From 26ddfa299cc2835ab5ac9d0e6f3ddba3b85e5db0 Mon Sep 17 00:00:00 2001
From: i-yuanyukun <i-yuanyukun@stepfun.com>
Date: Thu, 18 Dec 2025 17:02:39 +0800
Subject: [PATCH] [Chore] remove duplicate code

---
 vllm/v1/worker/gpu_model_runner.py | 56 ------------------------------
 1 file changed, 56 deletions(-)

diff --git a/vllm/v1/worker/gpu_model_runner.py b/vllm/v1/worker/gpu_model_runner.py
index a09f292d98e14..2409c9071f94b 100644
--- a/vllm/v1/worker/gpu_model_runner.py
+++ b/vllm/v1/worker/gpu_model_runner.py
@@ -642,25 +642,6 @@ class GPUModelRunner(
             with_stack=False,
         )
 
-        profile_dir = (
-            "./profiler_logs/attn"
-            if self.afd_config is not None and self.afd_config.afd_role == "attention"

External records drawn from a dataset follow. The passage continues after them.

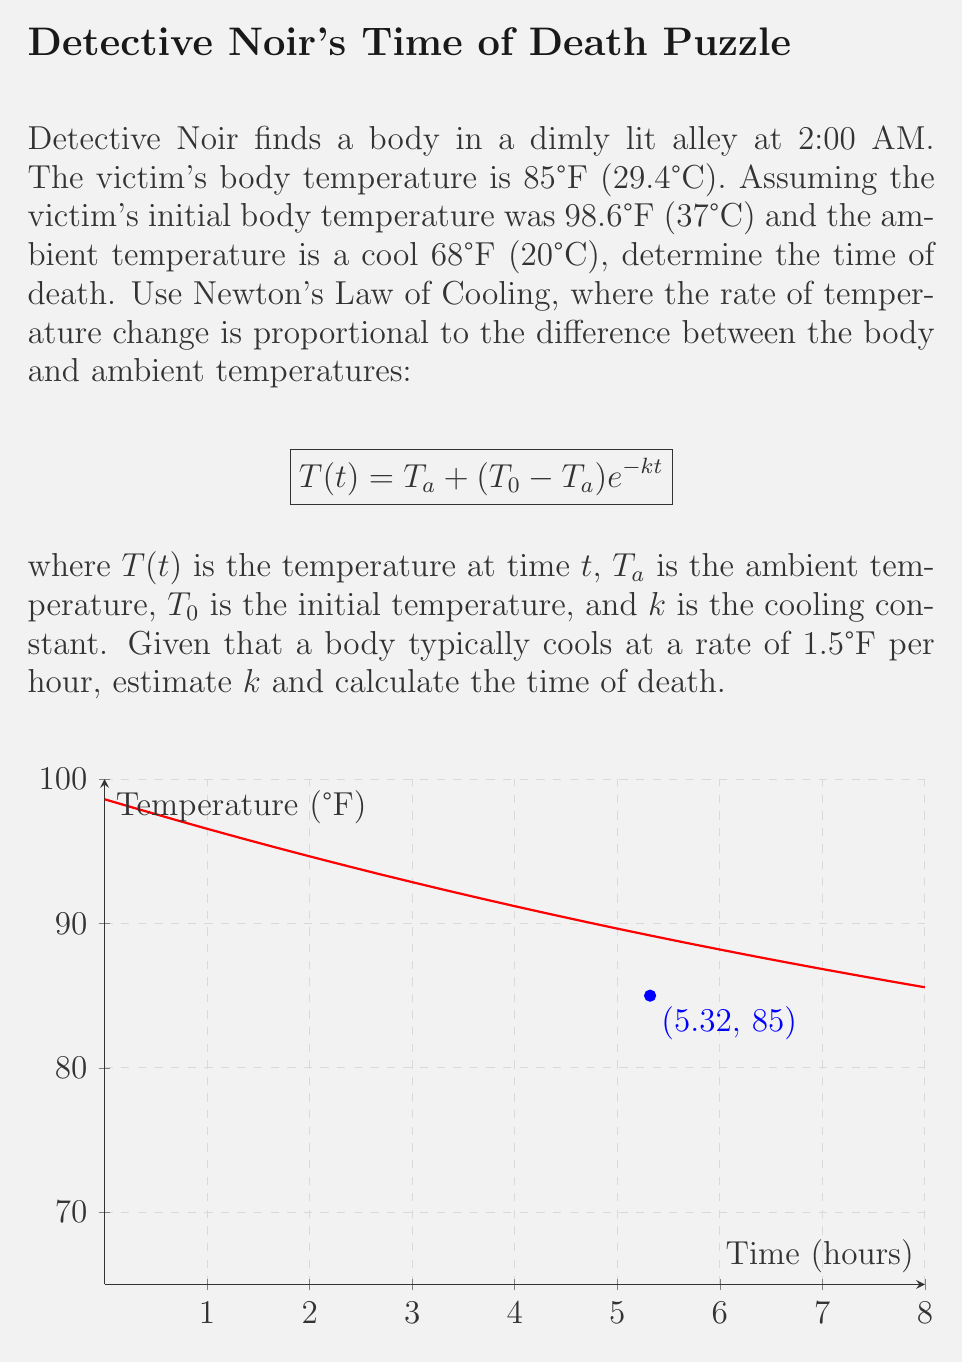Solve this math problem. Let's approach this step-by-step:

1) First, we need to estimate the cooling constant $k$. We're given that a body typically cools at 1.5°F per hour. We can use this to estimate $k$:

   $$\frac{dT}{dt} = -k(T - T_a)$$
   
   At $t=0$, $T=98.6°F$, $T_a=68°F$
   
   $$-1.5 = -k(98.6 - 68)$$
   $$-1.5 = -30.6k$$
   $$k \approx 0.0693$$

2) Now we can use Newton's Law of Cooling:

   $$T(t) = T_a + (T_0 - T_a)e^{-kt}$$

3) Plugging in our values:

   $$85 = 68 + (98.6 - 68)e^{-0.0693t}$$

4) Simplify:

   $$85 = 68 + 30.6e^{-0.0693t}$$
   $$17 = 30.6e^{-0.0693t}$$

5) Take natural log of both sides:

   $$\ln(\frac{17}{30.6}) = -0.0693t$$

6) Solve for $t$:

   $$t = -\frac{\ln(\frac{17}{30.6})}{0.0693} \approx 5.32$$

Therefore, the time of death was approximately 5.32 hours before the body was found.
Answer: 5.32 hours before discovery 
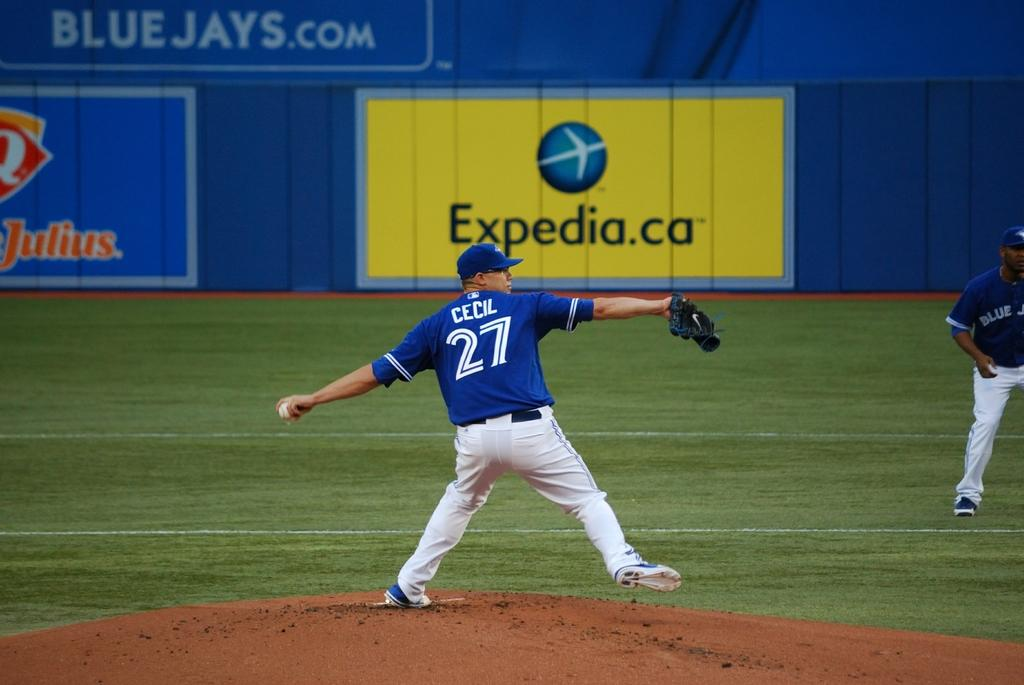<image>
Summarize the visual content of the image. Number 27 throws out the pitch at a baseball statium sponsored by Expedia.

-            else "./profiler_logs/normal"
-        )
-        self.profiler = torch.profiler.profile(
-            activities=[
-                torch.profiler.ProfilerActivity.CPU,
-                torch.profiler.ProfilerActivity.CUDA,
-            ],
-            schedule=torch.profiler.schedule(
-                wait=6000 + 4000, warmup=1, active=30, repeat=1
-            ),
-            on_trace_ready=torch.profiler.tensorboard_trace_handler(profile_dir),
-            record_shapes=True,
-            profile_memory=False,
-            with_stack=False,
-        )
-
     def reset_mm_cache(self) -> None:
         if self.mm_budget:
             self.mm_budget.reset_cache()
@@ -2988,38 +2969,6 @@ class GPUModelRunner(
             )
         return afd_metadata
 
-    def _build_afd_metadata(
-        self, ubatch_slices: UBatchSlices | None, num_tokens_unpadded: int
-    ):
-        afd_metadata = None
-        if self.afd_config:
-            # For prefill, compute tokens per stage based on actual token
-            # counts
-            afd_tokens_start_loc = [0]
-            afd_tokens_lens = []
-            if ubatch_slices and len(ubatch_slices) > 1:
-                afd_tokens_start_loc = [ub.token_slice.start for ub in ubatch_slices]
-                afd_reqs_start_loc = [ub.request_slice.start for ub in ubatch_slices]
-                logger.info(
-                    f"afd_tokens_start_loc: {afd_tokens_start_loc} "
-                    f"afd_reqs_start_loc: {afd_reqs_start_loc} "
-                    f"ubatch_slices: {ubatch_slices}"
-                )
-                afd_tokens_lens = [ub.num_tokens for ub in ubatch_slices]
-            else:
-                afd_tokens_start_loc = [0]
-                afd_reqs_start_loc = [0]
-                afd_tokens_lens = [num_tokens_unpadded]
-            afd_metadata = AFDMetadata(
-                afd_tokens_start_loc=afd_tokens_start_loc,
-                afd_reqs_start_loc=afd_reqs_start_loc,
-                afd_stage_idx=0,
-                afd_connector=self.afd_connector,
-                afd_tokens_lens=afd_tokens_lens,
-                num_of_stages=len(ubatch_slices) if ubatch_slices else 1,
-            )
-        return afd_metadata
-
     @torch.inference_mode()
     def execute_model(
         self,
@@ -5573,11 +5522,6 @@ class GPUModelRunner(
         if hasattr(self, "afd_connector") and self.afd_connector:
             self.afd_connector.init_afd_connector()
 
-    def initialize_afd_connector(self) -> None:
-        """Initialize AFD connector if available."""
-        if hasattr(self, "afd_connector") and self.afd_connector:
-            self.afd_connector.init_afd_connector()
-
     def may_add_encoder_only_layers_to_kv_cache_config(self) -> None:
         """
         Add encoder-only layers to the KV cache config.